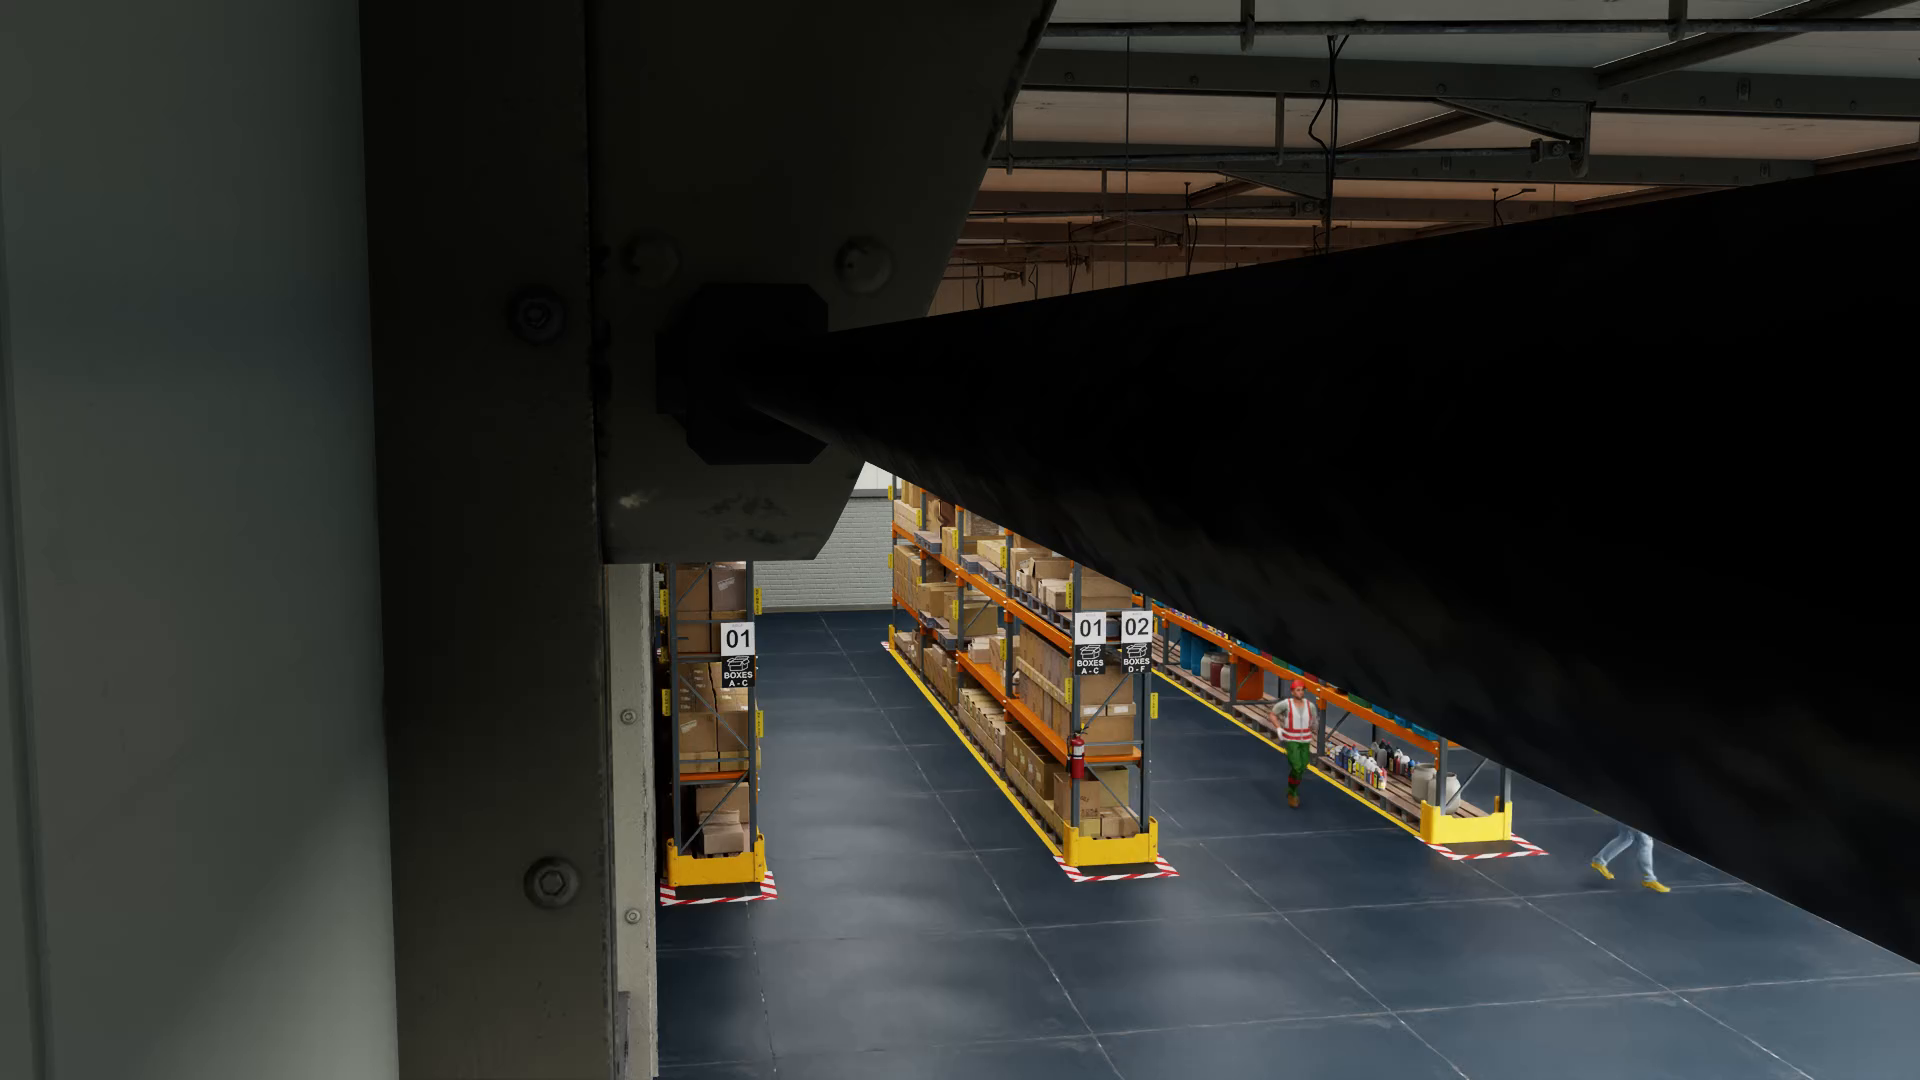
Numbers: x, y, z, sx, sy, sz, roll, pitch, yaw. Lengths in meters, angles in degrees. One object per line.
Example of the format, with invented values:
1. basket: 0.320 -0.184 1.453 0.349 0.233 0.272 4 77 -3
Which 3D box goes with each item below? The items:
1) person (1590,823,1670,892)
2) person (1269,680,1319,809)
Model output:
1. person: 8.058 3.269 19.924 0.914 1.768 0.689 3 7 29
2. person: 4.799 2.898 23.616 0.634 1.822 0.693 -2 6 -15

---

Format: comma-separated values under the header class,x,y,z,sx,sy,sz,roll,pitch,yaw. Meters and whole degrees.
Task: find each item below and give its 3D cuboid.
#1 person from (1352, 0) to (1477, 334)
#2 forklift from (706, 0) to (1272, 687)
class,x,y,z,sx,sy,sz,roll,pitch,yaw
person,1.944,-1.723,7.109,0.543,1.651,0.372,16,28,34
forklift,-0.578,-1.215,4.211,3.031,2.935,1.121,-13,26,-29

* * *

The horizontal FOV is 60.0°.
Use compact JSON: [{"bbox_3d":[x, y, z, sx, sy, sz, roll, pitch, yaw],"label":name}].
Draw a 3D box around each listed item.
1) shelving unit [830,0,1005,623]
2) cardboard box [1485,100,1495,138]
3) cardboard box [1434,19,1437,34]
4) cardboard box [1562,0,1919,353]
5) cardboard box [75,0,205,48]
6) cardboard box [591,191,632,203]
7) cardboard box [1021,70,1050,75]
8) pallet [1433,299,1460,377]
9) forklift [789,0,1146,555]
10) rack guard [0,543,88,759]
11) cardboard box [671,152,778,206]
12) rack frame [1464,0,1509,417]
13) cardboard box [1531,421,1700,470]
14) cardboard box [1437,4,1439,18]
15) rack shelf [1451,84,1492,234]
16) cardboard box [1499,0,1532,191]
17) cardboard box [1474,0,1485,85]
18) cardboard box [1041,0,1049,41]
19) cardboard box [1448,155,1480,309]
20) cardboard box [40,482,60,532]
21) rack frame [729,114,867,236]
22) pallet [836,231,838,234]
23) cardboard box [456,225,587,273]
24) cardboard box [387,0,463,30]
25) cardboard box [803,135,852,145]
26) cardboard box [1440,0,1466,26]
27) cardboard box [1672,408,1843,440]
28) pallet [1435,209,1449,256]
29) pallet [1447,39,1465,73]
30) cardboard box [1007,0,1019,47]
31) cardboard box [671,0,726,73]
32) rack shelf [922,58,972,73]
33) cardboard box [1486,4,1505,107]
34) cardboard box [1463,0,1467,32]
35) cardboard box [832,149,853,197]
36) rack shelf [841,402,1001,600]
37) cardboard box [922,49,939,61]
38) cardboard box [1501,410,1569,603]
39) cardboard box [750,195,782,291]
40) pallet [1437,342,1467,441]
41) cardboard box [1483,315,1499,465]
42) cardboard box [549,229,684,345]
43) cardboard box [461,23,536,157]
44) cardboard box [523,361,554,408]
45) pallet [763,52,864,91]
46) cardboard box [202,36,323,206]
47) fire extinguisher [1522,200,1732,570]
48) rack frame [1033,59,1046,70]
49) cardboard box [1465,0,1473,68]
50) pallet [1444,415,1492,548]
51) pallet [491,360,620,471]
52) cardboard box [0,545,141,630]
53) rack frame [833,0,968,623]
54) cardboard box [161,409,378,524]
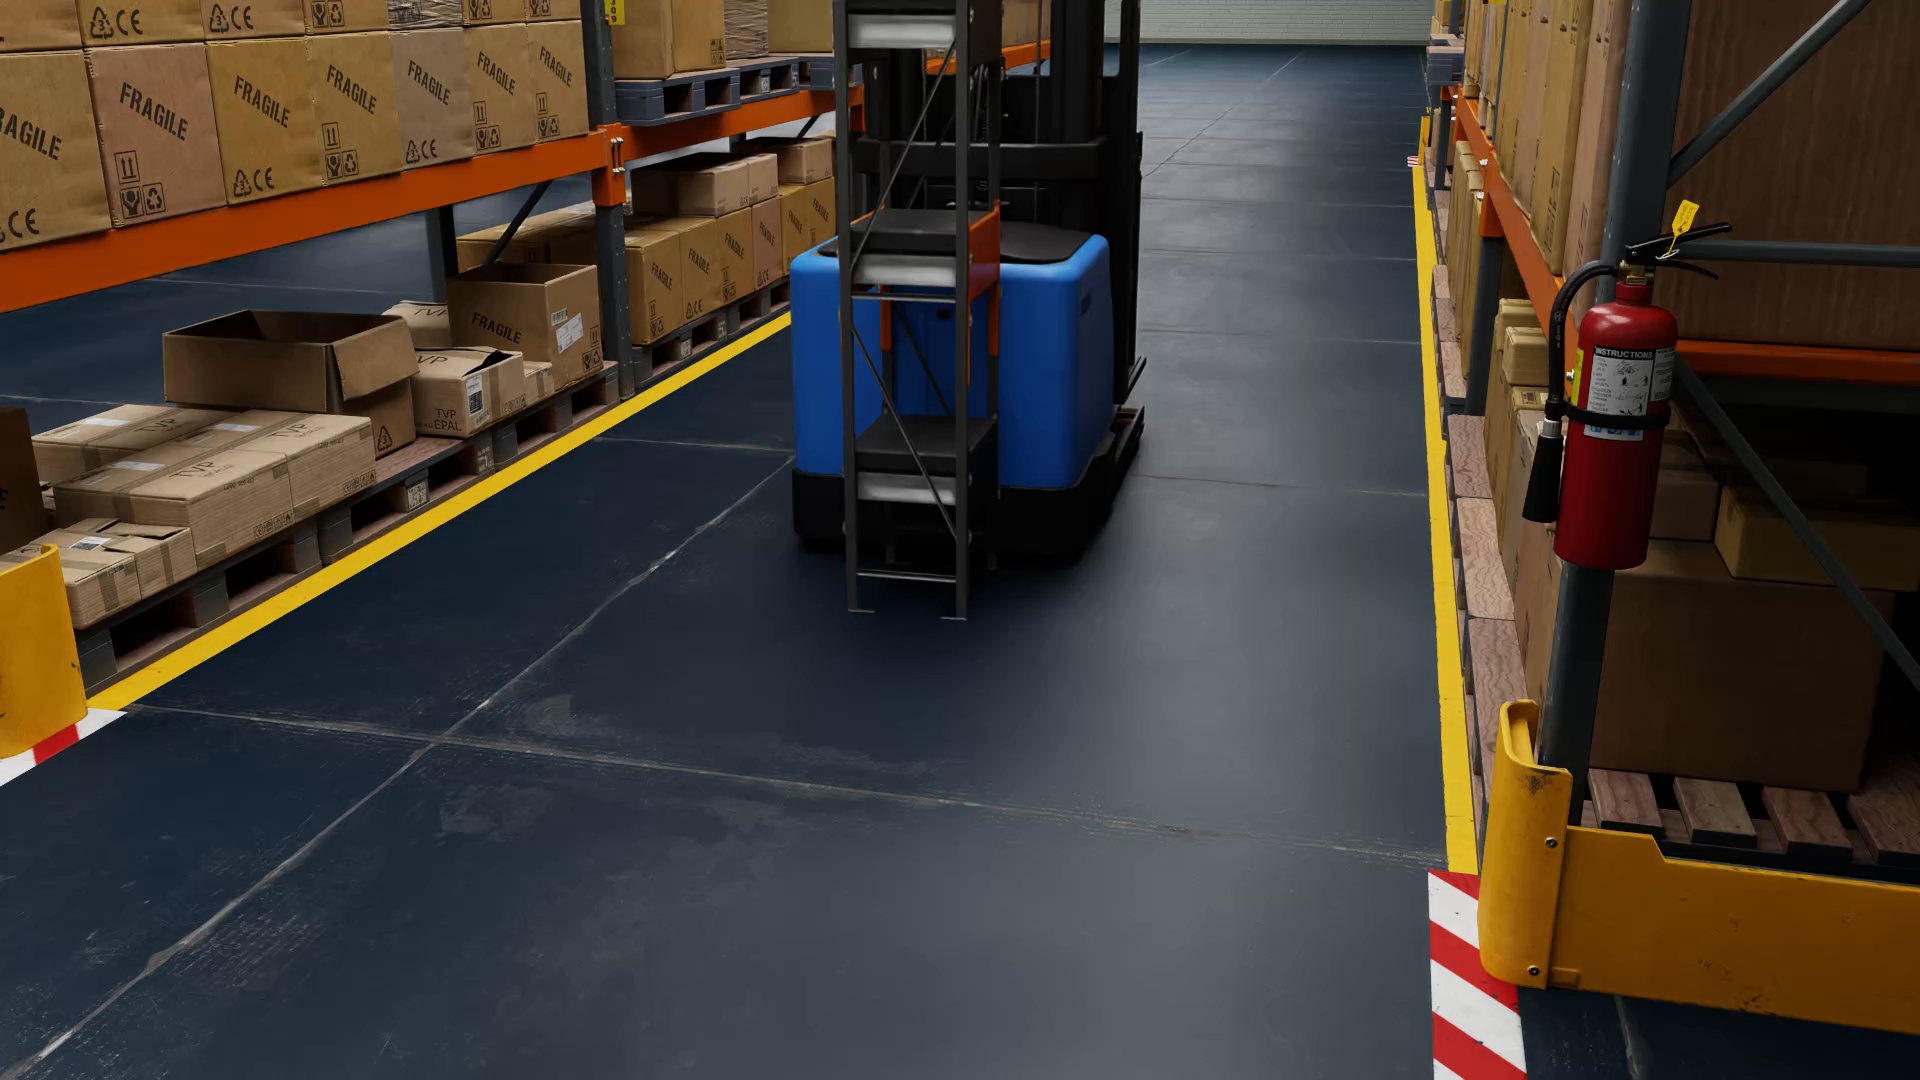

§ **Exercise**: Go through the records line by line and count those containing the string "frame". Give only the total.

§ **Solution below**: 4